WHAT TO PRODUCE: Only one stretch of the records below should be repeated. It starts with the line containing "Locate the small" and goes on through the line containing "Next, the small box (505,616,607,739).", exactly as written.
--- RECORDS FOR THE EXERCISE ---
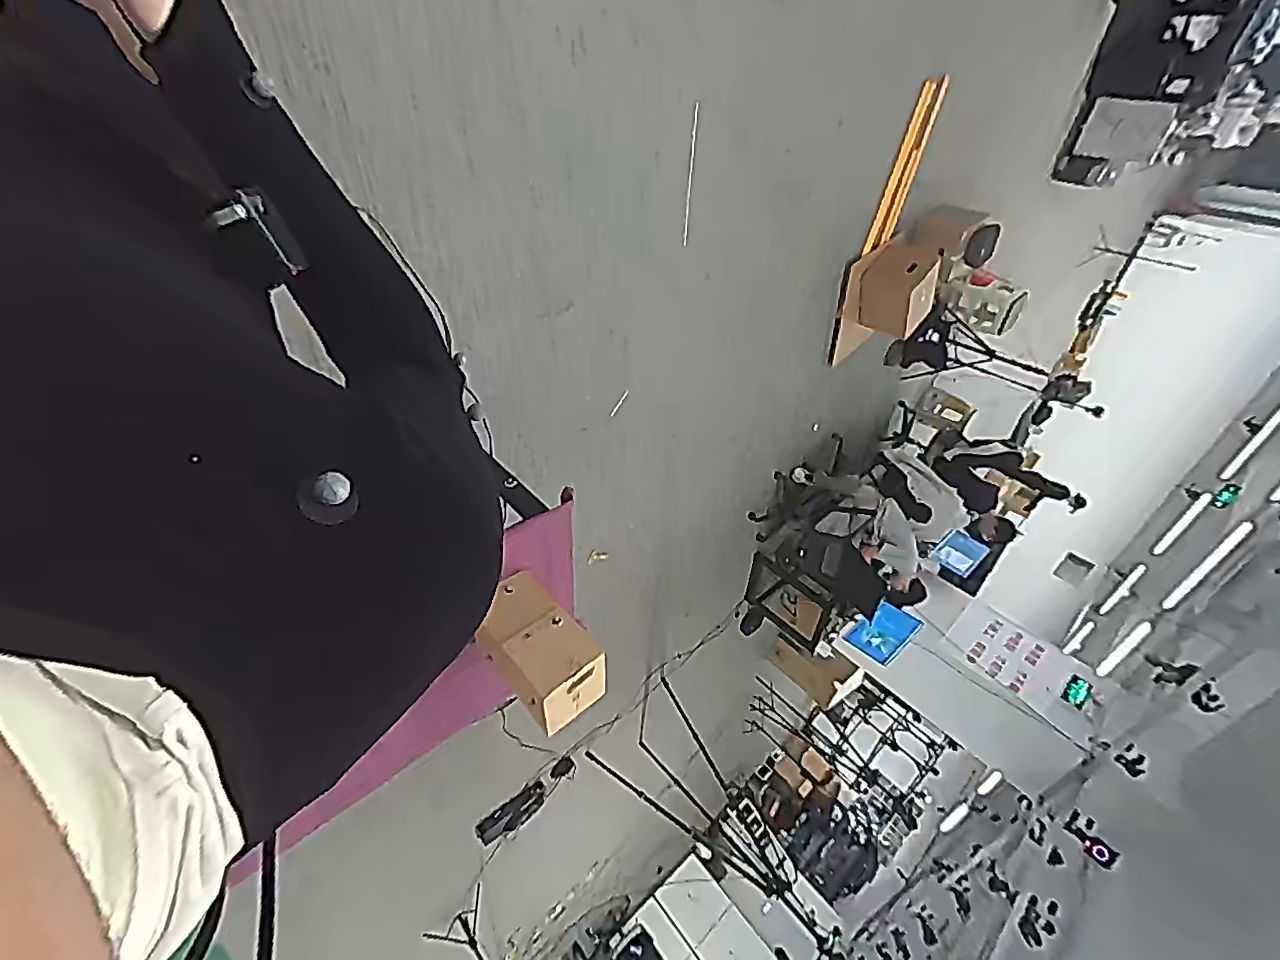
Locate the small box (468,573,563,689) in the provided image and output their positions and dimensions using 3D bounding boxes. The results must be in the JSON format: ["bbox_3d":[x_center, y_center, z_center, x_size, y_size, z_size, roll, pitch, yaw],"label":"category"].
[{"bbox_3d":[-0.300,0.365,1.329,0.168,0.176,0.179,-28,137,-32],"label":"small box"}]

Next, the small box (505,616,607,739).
---
--- RECORDS FOR THE EXERCISE ---
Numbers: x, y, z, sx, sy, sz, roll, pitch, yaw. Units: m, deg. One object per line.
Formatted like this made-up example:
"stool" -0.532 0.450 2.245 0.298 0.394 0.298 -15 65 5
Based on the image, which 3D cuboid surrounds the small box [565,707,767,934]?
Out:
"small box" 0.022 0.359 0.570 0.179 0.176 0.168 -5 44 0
---
WORKED SOLUTION:
Locate the small box (468,573,563,689) in the provided image and output their positions and dimensions using 3D bounding boxes. The results must be in the JSON format: ["bbox_3d":[x_center, y_center, z_center, x_size, y_size, z_size, roll, pitch, yaw],"label":"category"].
[{"bbox_3d":[-0.300,0.365,1.329,0.168,0.176,0.179,-28,137,-32],"label":"small box"}]

Next, the small box (505,616,607,739).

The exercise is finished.